Alternatively, users that use averaged expression data as an input can create temporal clusters from their miRNA-mRNA data. From here genes which associate with a temporal cluster can be sorted and used as input for overrepresentation analysis.
library(TimiRGeN)
library(org.Hs.eg.db)
data(long_data)
miRNA <- long_data[c(1:105), ]
mRNA <- long_data[-c(1:105), ]
MAE <- startObject(miRNA, mRNA)
MAE <- getIdsMir(MAE = MAE, miR = MAE[[1]], orgDB = org.Hs.eg.db, miRPrefix = "hsa")
MAE <- getIdsMrna(MAE = MAE, mRNA = MAE[[2]], mirror = "www", species = "hsapiens", orgDB = org.Hs.eg.db)
MAE <- combineGenes(MAE = MAE, miR_data = MAE[[1]], mRNA_data = MAE[[2]])

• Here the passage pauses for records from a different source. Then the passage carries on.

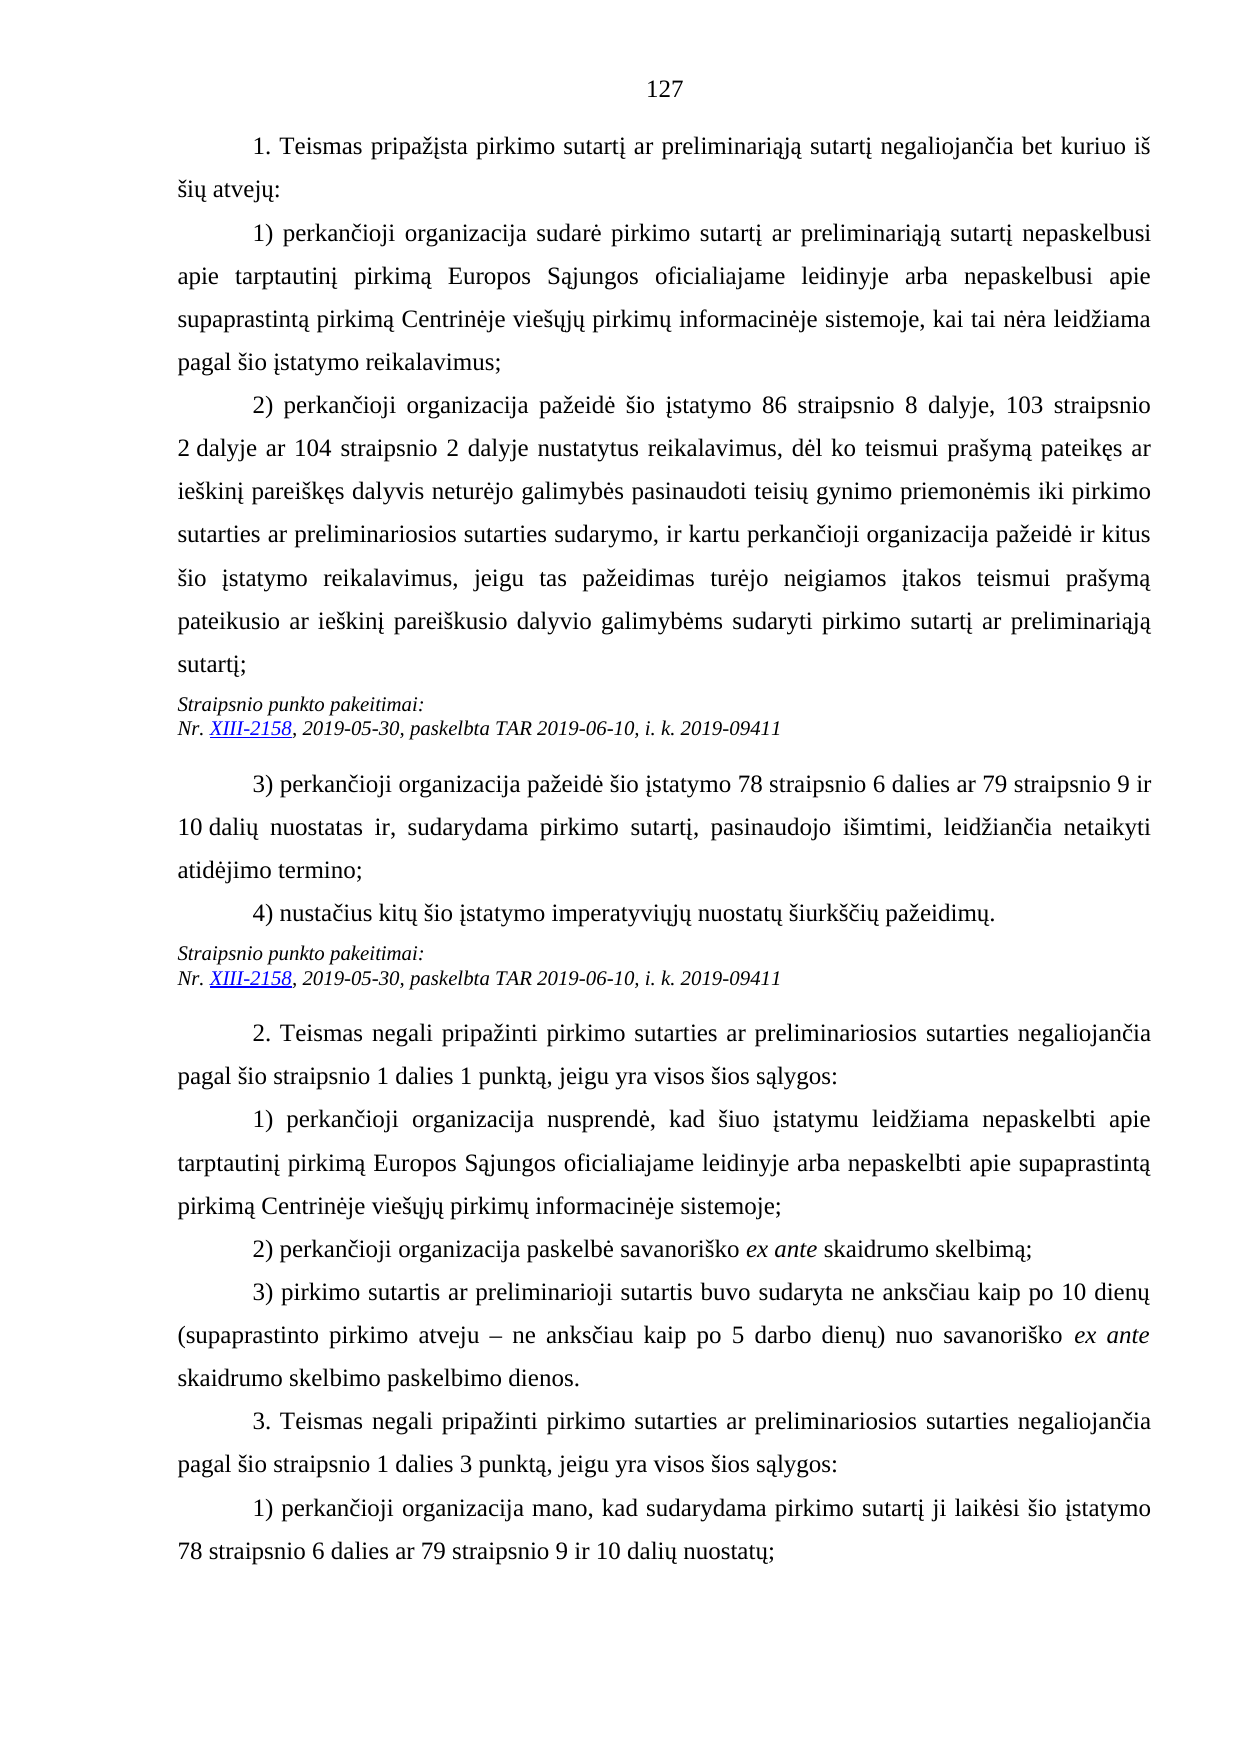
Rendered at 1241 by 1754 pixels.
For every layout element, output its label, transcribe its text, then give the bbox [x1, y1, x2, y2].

text 1) perkančioji organizacija nusprendė, kad šiuo įstatymu leidžiama nepaskelbti apie tarptautinį pirkimą Europos Sąjungos oficialiajame leidinyje arba nepaskelbti apie supaprastintą pirkimą Centrinėje viešųjų pirkimų informacinėje sistemoje; [177, 1104, 1152, 1219]
text 1) perkančioji organizacija mano, kad sudarydama pirkimo sutartį ji laikėsi šio įstatymo 78 straipsnio 6 dalies ar 79 straipsnio 9 ir 10 dalių nuostatų; [177, 1493, 1152, 1564]
text 3) perkančioji organizacija pažeidė šio įstatymo 78 straipsnio 6 dalies ar 79 straipsnio 9 ir 10 dalių nuostatas ir, sudarydama pirkimo sutartį, pasinaudojo išimtimi, leidžiančia netaikyti atidėjimo termino; [177, 769, 1152, 884]
text Nr. XIII-2158, 2019-05-30, paskelbta TAR 2019-06-10, i. k. 2019-09411 [177, 965, 1152, 989]
text 1. Teismas pripažįsta pirkimo sutartį ar preliminariąją sutartį negaliojančia bet kuriuo iš šių atvejų: [177, 131, 1152, 203]
text 4) nustačius kitų šio įstatymo imperatyviųjų nuostatų šiurkščių pažeidimų. [177, 898, 1152, 927]
text 3) pirkimo sutartis ar preliminarioji sutartis buvo sudaryta ne anksčiau kaip po 10 dienų (supaprastinto pirkimo atveju – ne anksčiau kaip po 5 darbo dienų) nuo savanoriško ex ante skaidrumo skelbimo paskelbimo dienos. [177, 1277, 1152, 1392]
text 2) perkančioji organizacija pažeidė šio įstatymo 86 straipsnio 8 dalyje, 103 straipsnio 2 dalyje ar 104 straipsnio 2 dalyje nustatytus reikalavimus, dėl ko teismui prašymą pateikęs ar ieškinį pareiškęs dalyvis neturėjo galimybės pasinaudoti teisių gynimo priemonėmis iki pirkimo sutarties ar preliminariosios sutarties sudarymo, ir kartu perkančioji organizacija pažeidė ir kitus šio įstatymo reikalavimus, jeigu tas pažeidimas turėjo neigiamos įtakos teismui prašymą pateikusio ar ieškinį pareiškusio dalyvio galimybėms sudaryti pirkimo sutartį ar preliminariąją sutartį; [177, 390, 1152, 678]
text 2) perkančioji organizacija paskelbė savanoriško ex ante skaidrumo skelbimą; [177, 1234, 1152, 1263]
text Straipsnio punkto pakeitimai: [177, 941, 1152, 965]
text Straipsnio punkto pakeitimai: [177, 692, 1152, 716]
text 1) perkančioji organizacija sudarė pirkimo sutartį ar preliminariąją sutartį nepaskelbusi apie tarptautinį pirkimą Europos Sąjungos oficialiajame leidinyje arba nepaskelbusi apie supaprastintą pirkimą Centrinėje viešųjų pirkimų informacinėje sistemoje, kai tai nėra leidžiama pagal šio įstatymo reikalavimus; [177, 218, 1152, 376]
text 2. Teismas negali pripažinti pirkimo sutarties ar preliminariosios sutarties negaliojančia pagal šio straipsnio 1 dalies 1 punktą, jeigu yra visos šios sąlygos: [177, 1018, 1152, 1090]
text 3. Teismas negali pripažinti pirkimo sutarties ar preliminariosios sutarties negaliojančia pagal šio straipsnio 1 dalies 3 punktą, jeigu yra visos šios sąlygos: [177, 1406, 1152, 1478]
text Nr. XIII-2158, 2019-05-30, paskelbta TAR 2019-06-10, i. k. 2019-09411 [177, 716, 1152, 740]

MAE <- createClusters2(MAE = MAE, genetic_data = assay(MAE, 9))
quickFuzz(Mfuzzdata = MAE[[11]], Clusters = metadata(MAE)[[1]], ylab = "Standardised Gene Expression")
MAE <- clusterList(MAE = MAE, clusterData = assay(MAE, 10), fitCluster = 0.5, miR_IDs = assay(MAE, 3), mRNA_IDs = assay(MAE, 7))
MAE2 <- MultiAssayExperiment()
MAE2 <- dloadGmt(MAE = MAE2, species = "Homo sapiens")
MAE2 <- enrichWiki(MAE = MAE2, method = "c", ID_list = metadata(MAE)[[2]], orgDB = org.Hs.eg.db, path_gene = MAE2[[1]], path_name = MAE2[[2]], ID = "ENTREZID", universe = MAE2[[1]][[2]])
savePlots(largeList = metadata(MAE2)[[1]], maxInt = 5, fileType = "png")
Once a pathway of interest has been found, users can continue on
miRNA-mRNA pathways analysis from section 2.7
.
Some datasets may include time as one of several interventions. TimiRGeN “vanilla” usage considers time as the only variable. However, the downstream analysis can be used as a form of meta-analysis between multiple interventions over time.
A time series dataset of surgically induced mouse kidney fibrosis was also generated and downloaded from this repository GSE118341 [30]. The time series datasets (Unilateral ureter obstruction (UUO) was run through TimiRGeN (following the code found in section 2). Folic acid data was also run through the same analysis in section 2. Results from the analysis can be contrasted to find differences between kidney fibrosis via FA and UUO.
Both FA (left) and UUO (right) show that Igf1
is
targetted by mmu-miR-18a-5p
. Regression analysis can
contrast this miRNA-mRNA pair in both datasets.
It seems we can be confident that the
Ifg1-mmu-miR-18a-5p
interaction has stronger relationship
in the FA dataset than in the UUO dataset due to the higher odd-ratio
and the lower range of the 95% confidence intervals.
Notably this example also shows warnings from the UUO dataset because it only has three time points. Such datasets will produce warning messages when users try to perform cross-correlation analysis, interpolation and regression analysis.